→ **Activity**: Give the listing back in full, exactly as written, with the pictures removed.

→ **Listed entries**:
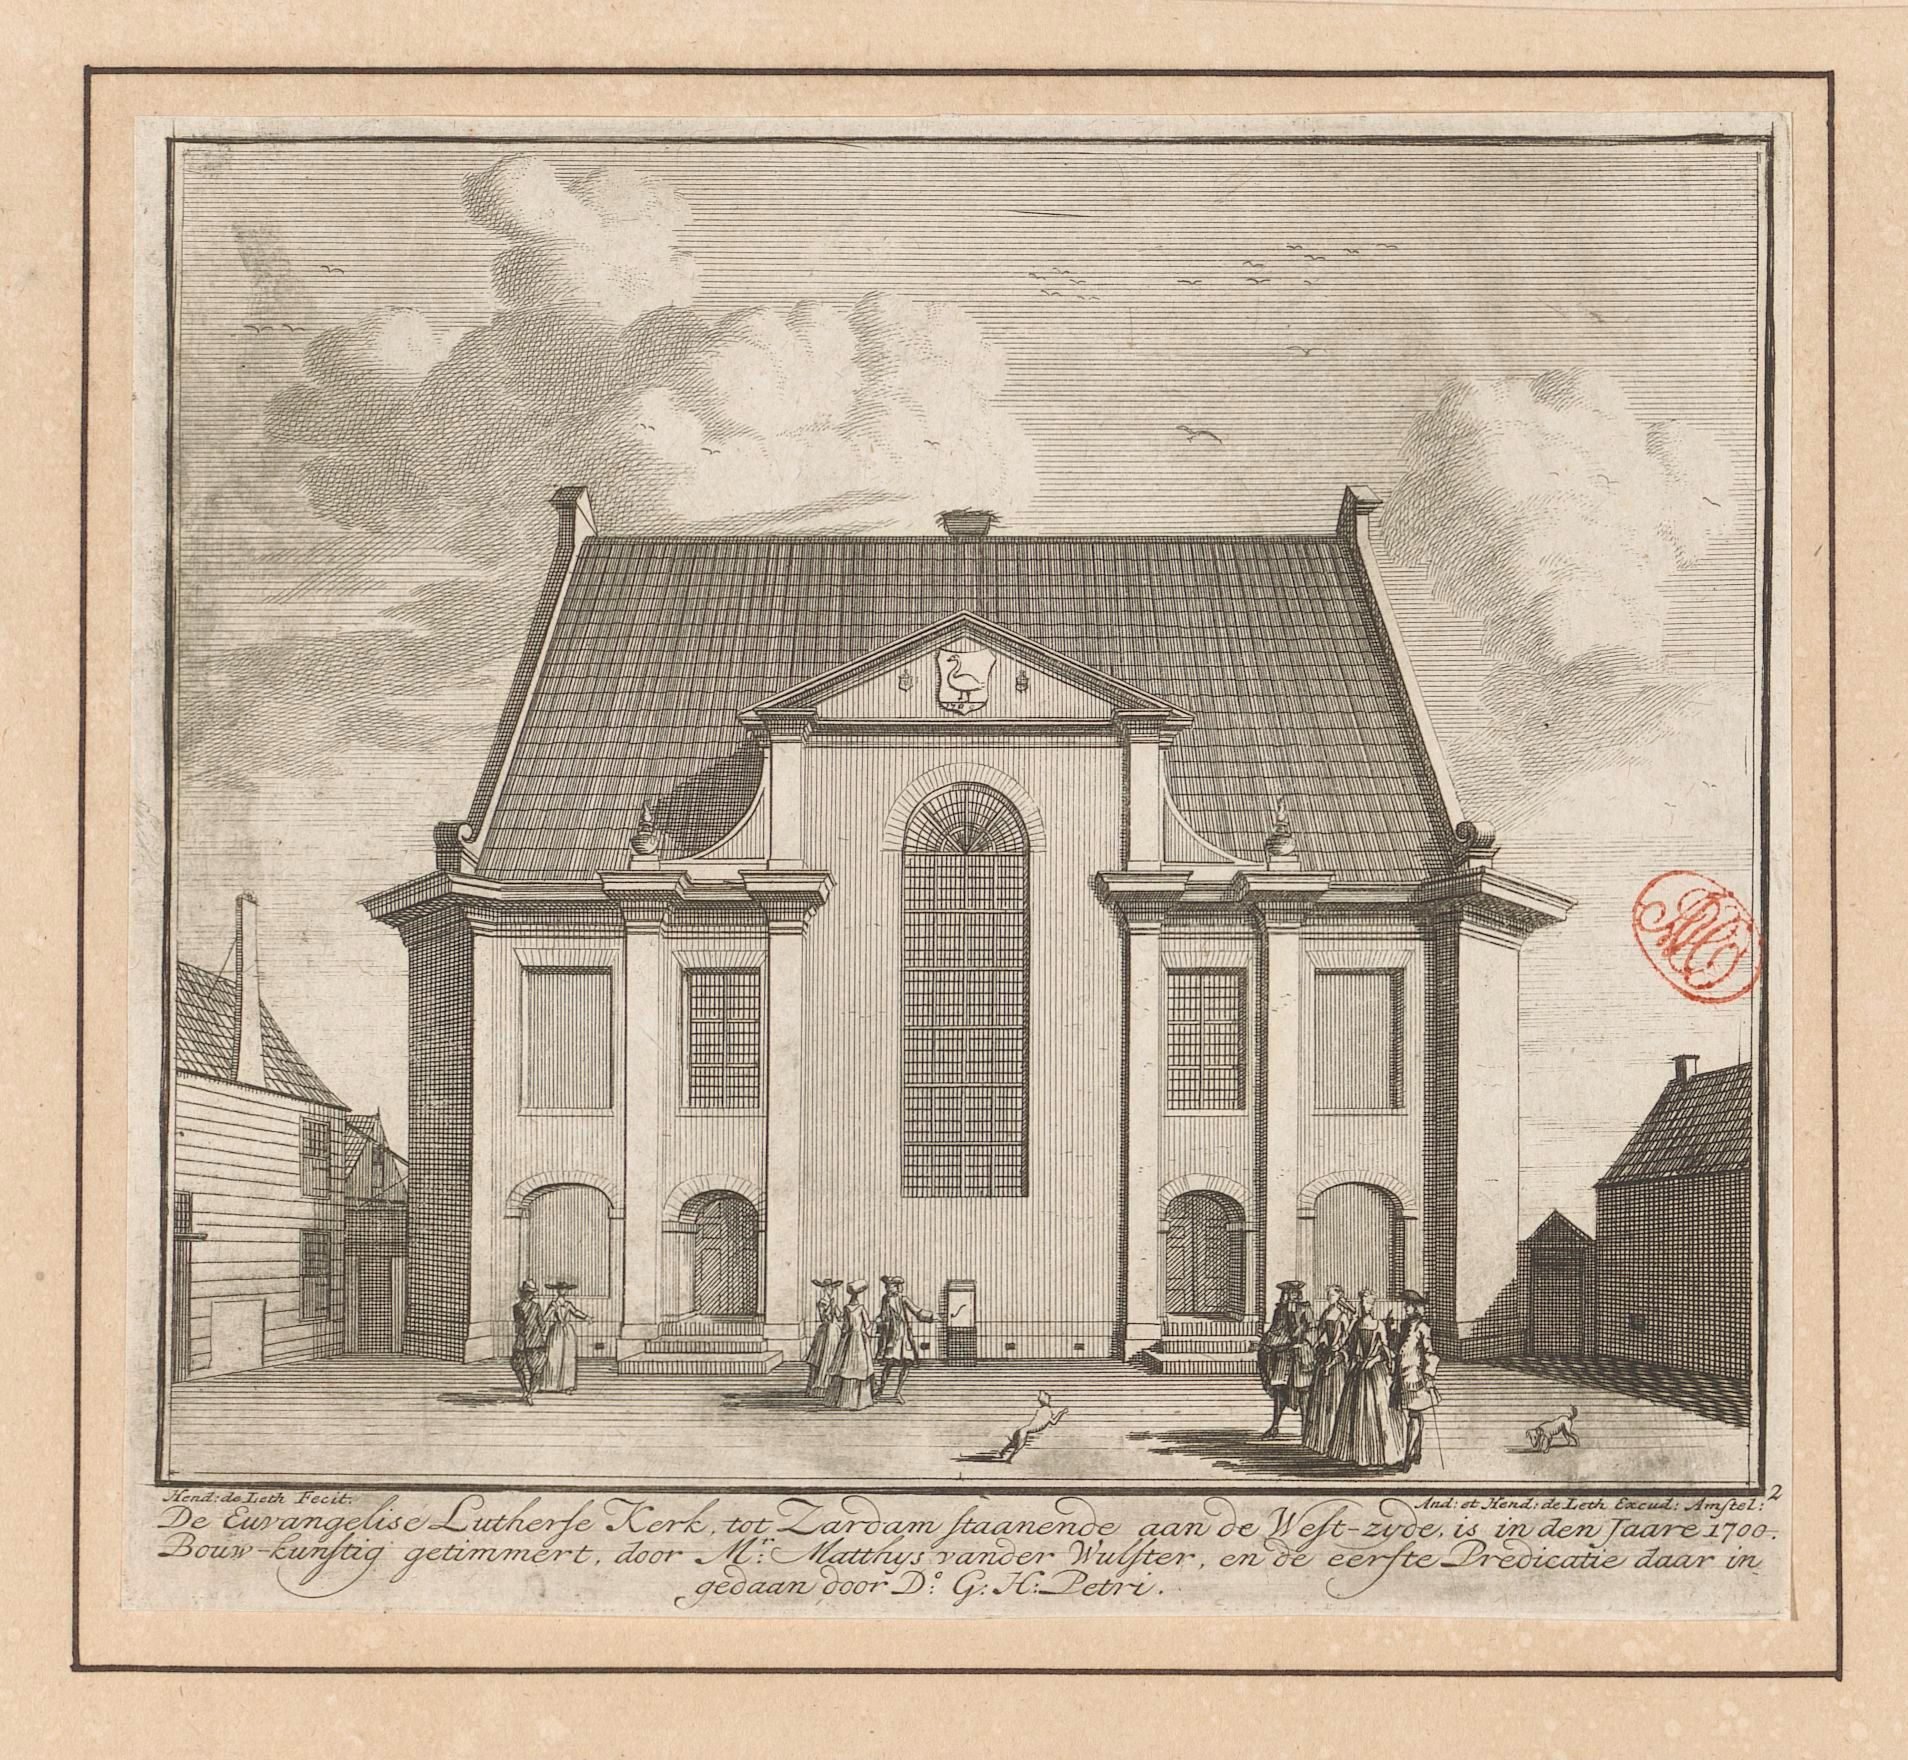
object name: print
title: De Lutherse Kerk te Zaandam
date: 1700-1721
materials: paper
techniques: engraving, etching
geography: amsterdam
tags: protestant churches and denominations (lutherans), church (exterior)
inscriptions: collector's mark: Lugt 195
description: Gezicht op de Lutherse Kerk te Zaandam, gebouwd in 1699. Onder de afbeelding een gedicht van twee verzen van twee regels in het Nederlands.

→ **Solution**:
object name: print
title: De Lutherse Kerk te Zaandam
date: 1700-1721
materials: paper
techniques: engraving, etching
geography: amsterdam
tags: protestant churches and denominations (lutherans), church (exterior)
inscriptions: collector's mark: Lugt 195
description: Gezicht op de Lutherse Kerk te Zaandam, gebouwd in 1699. Onder de afbeelding een gedicht van twee verzen van twee regels in het Nederlands.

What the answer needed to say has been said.